§ **Work to be completed**
Return, word for word, only the lines of the data below that lie between the line with "Reply with compact" and the line with "Format, with dummy", those two lines included.

§ **Records for this task**
......
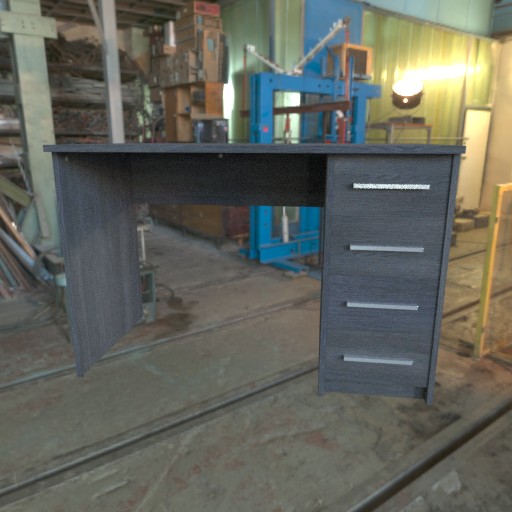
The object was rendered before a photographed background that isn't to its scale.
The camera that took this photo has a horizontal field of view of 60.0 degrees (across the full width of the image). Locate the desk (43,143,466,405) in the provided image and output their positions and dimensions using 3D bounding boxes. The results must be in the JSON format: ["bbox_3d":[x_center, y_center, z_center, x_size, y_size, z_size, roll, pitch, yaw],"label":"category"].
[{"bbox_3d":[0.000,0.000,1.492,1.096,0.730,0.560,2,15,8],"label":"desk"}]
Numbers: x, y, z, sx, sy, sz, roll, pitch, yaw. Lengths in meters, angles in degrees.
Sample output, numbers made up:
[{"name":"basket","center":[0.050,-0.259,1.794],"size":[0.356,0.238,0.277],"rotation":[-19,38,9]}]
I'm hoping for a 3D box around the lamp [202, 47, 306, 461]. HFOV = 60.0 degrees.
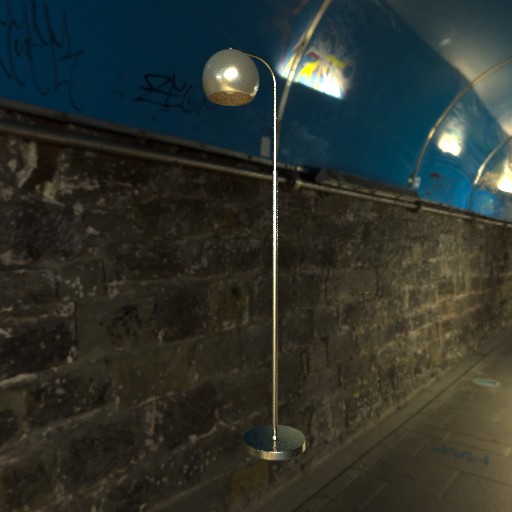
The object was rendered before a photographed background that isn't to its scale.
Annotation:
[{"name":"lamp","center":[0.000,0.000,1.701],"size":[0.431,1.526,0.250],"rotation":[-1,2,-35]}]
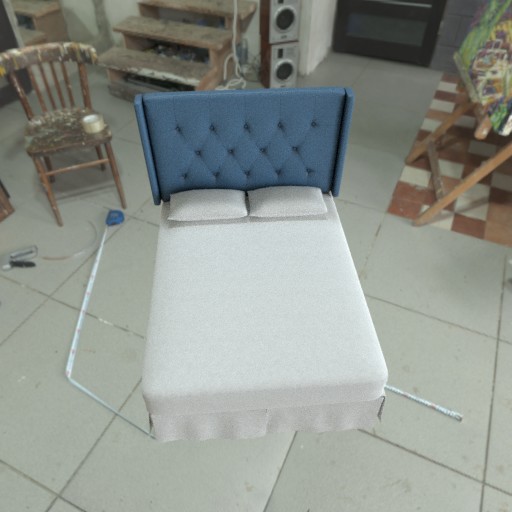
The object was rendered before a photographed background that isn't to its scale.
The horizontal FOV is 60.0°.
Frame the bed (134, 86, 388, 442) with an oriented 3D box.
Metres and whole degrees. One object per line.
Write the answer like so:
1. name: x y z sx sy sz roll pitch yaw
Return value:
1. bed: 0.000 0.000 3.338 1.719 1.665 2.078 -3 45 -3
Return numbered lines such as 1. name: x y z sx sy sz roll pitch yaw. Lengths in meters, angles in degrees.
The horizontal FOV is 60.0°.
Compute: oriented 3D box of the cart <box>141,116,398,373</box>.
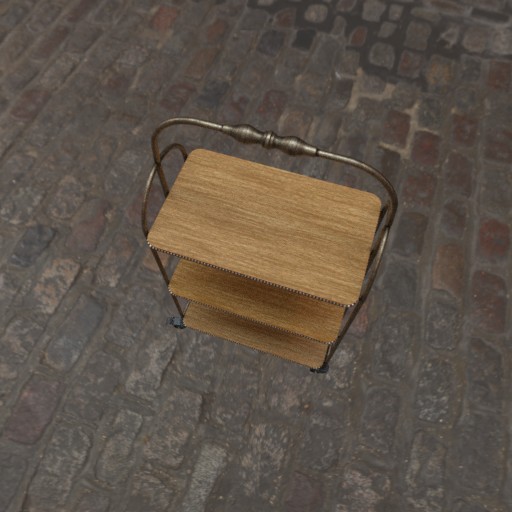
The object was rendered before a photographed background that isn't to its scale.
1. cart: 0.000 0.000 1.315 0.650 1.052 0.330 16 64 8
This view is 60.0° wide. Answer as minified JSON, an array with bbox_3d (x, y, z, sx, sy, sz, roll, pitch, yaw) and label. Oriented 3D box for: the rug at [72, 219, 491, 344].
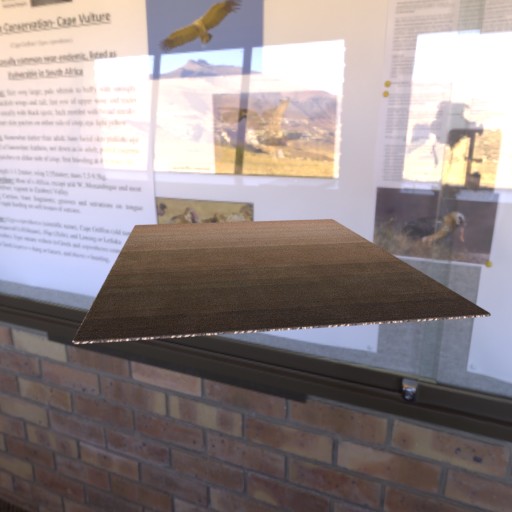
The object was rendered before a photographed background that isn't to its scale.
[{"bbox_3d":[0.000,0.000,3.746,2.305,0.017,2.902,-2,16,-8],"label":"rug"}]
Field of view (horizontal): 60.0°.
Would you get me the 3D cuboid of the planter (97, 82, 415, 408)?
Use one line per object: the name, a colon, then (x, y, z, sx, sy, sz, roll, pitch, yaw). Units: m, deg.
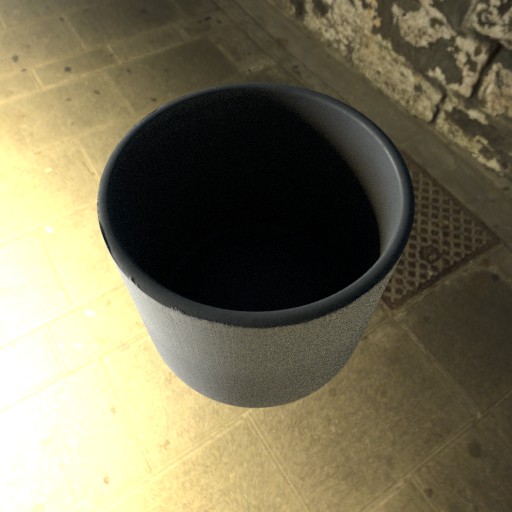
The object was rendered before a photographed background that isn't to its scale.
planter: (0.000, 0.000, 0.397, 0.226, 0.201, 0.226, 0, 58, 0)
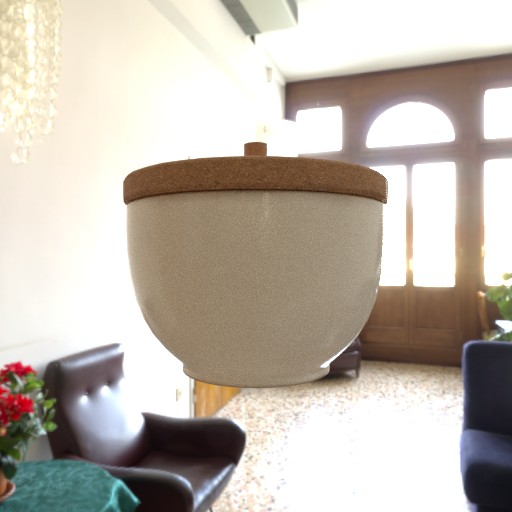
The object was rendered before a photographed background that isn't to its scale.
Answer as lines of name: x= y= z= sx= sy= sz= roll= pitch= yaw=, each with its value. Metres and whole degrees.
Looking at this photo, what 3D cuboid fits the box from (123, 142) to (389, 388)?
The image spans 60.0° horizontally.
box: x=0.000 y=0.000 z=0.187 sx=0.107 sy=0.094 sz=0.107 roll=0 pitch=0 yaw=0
......
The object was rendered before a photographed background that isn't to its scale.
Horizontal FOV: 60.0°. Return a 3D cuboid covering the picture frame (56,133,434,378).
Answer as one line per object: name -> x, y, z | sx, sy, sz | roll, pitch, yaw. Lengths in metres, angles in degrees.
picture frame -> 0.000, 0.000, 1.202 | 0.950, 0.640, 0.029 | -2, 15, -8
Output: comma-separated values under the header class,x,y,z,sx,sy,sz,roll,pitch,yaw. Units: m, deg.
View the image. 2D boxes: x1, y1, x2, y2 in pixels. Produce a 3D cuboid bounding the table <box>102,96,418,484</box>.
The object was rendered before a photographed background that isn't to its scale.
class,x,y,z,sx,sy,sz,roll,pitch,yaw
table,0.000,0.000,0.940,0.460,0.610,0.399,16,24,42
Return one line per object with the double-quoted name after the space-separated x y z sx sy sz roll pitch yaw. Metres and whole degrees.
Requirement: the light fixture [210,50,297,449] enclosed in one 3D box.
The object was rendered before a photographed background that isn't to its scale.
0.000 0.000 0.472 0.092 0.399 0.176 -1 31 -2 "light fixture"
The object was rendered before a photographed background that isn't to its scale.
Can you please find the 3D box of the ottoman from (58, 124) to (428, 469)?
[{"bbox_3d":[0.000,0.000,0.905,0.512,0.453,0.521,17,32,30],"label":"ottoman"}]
......
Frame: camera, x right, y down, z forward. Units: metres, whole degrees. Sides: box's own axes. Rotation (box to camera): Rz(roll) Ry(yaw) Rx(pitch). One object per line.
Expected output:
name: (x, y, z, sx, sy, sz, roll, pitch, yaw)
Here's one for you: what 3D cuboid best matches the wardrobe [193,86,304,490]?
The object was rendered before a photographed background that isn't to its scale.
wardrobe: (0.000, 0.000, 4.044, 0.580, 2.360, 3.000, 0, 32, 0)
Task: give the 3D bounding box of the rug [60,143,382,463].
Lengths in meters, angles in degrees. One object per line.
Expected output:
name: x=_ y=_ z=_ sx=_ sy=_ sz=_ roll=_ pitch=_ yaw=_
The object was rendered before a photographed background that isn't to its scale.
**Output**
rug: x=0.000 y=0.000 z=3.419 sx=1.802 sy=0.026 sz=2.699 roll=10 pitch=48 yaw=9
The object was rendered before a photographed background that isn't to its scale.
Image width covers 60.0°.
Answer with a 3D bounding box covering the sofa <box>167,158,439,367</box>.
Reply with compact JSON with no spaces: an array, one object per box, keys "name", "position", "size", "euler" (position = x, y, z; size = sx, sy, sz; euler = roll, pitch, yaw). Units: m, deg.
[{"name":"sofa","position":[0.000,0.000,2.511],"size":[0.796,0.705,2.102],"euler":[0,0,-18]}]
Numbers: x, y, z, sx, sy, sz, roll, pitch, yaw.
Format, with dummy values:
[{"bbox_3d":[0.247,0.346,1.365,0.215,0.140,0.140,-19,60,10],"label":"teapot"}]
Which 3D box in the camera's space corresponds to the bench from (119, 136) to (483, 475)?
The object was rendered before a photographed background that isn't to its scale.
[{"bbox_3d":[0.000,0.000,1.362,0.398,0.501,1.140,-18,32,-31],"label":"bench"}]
......
§ **Output for this task**
Reply with compact JSON with no spaces: an array, one object per box, keys "name", "position", "size", "euler" (position = x, y, z; size = sx, sy, sz; euler = roll, pitch, yaw). Units: m, deg.
[{"name":"sofa","position":[0.000,0.000,2.511],"size":[0.796,0.705,2.102],"euler":[0,0,-18]}]
Numbers: x, y, z, sx, sy, sz, roll, pitch, yaw.
Format, with dummy values:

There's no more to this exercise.